Coffee heat rising

Scam-a-Bat

My poor son was mightily peeved this morning when I interrupted his work by calling him to ask if some marvel of an offer that arrived in the mail was, as suspected, a scam.

Yes. Of course it’s a scam. Quit breaking into my workday with that stuff!

Uh  huh.

Well, what happens when you’re old is that it gets harder and harder for you to distinguish the Fake from the Real. That’s even when you know very well that about every third person you encounter wants to rip you off. 

Yes. Even when you know that 99% of what comes in the mail is a scam. Yes. Even now that virtually every phone call comes from a crook.
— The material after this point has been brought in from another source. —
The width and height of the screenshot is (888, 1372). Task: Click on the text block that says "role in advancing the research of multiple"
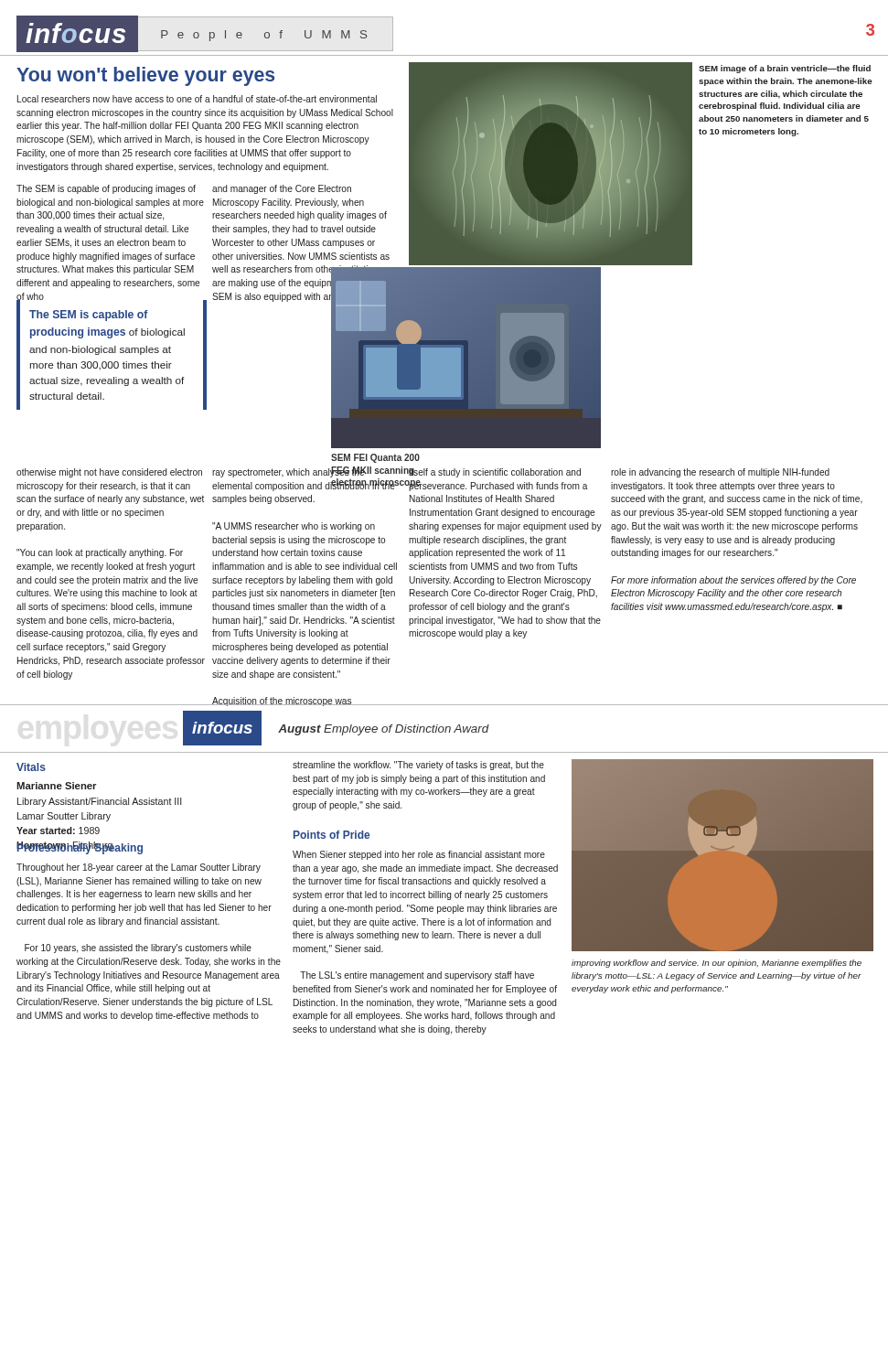pos(737,540)
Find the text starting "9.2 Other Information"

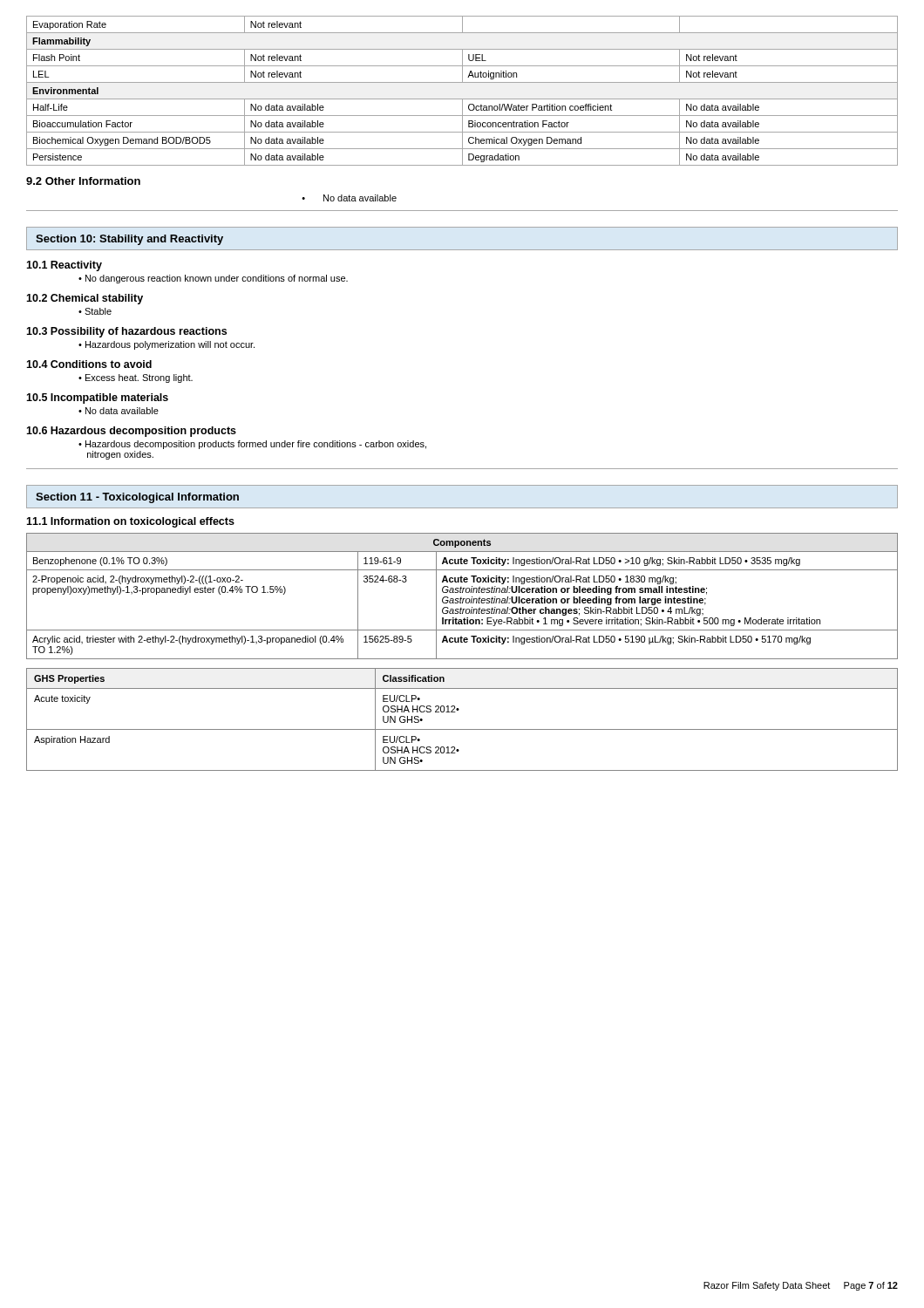point(83,181)

I no longer even answer the phone. Leave me a message, and maybe I’ll call you back. If I know you personally…

Even ordinary adults in their working years get quite enough nuisance calls! Now add to that the calls for help from elder relatives who have been pestered by this, that, or the other scammer, and you get…overwhelming!

Today I got a snail-mail from what looked like a legitimate creditor telling me that I’d better pay up some late bill or it would be off to jail for me, by golly!

Uh huh.

Well, on some level I knew that was BS, because I don’t buy things on time. If  can’t afford to pay for it now, I don’t get it.

But that’s not 100%. Yes, of  course I do have some creditors. Don’t we all?

Well…yeah. That’s what the scammers are counting on.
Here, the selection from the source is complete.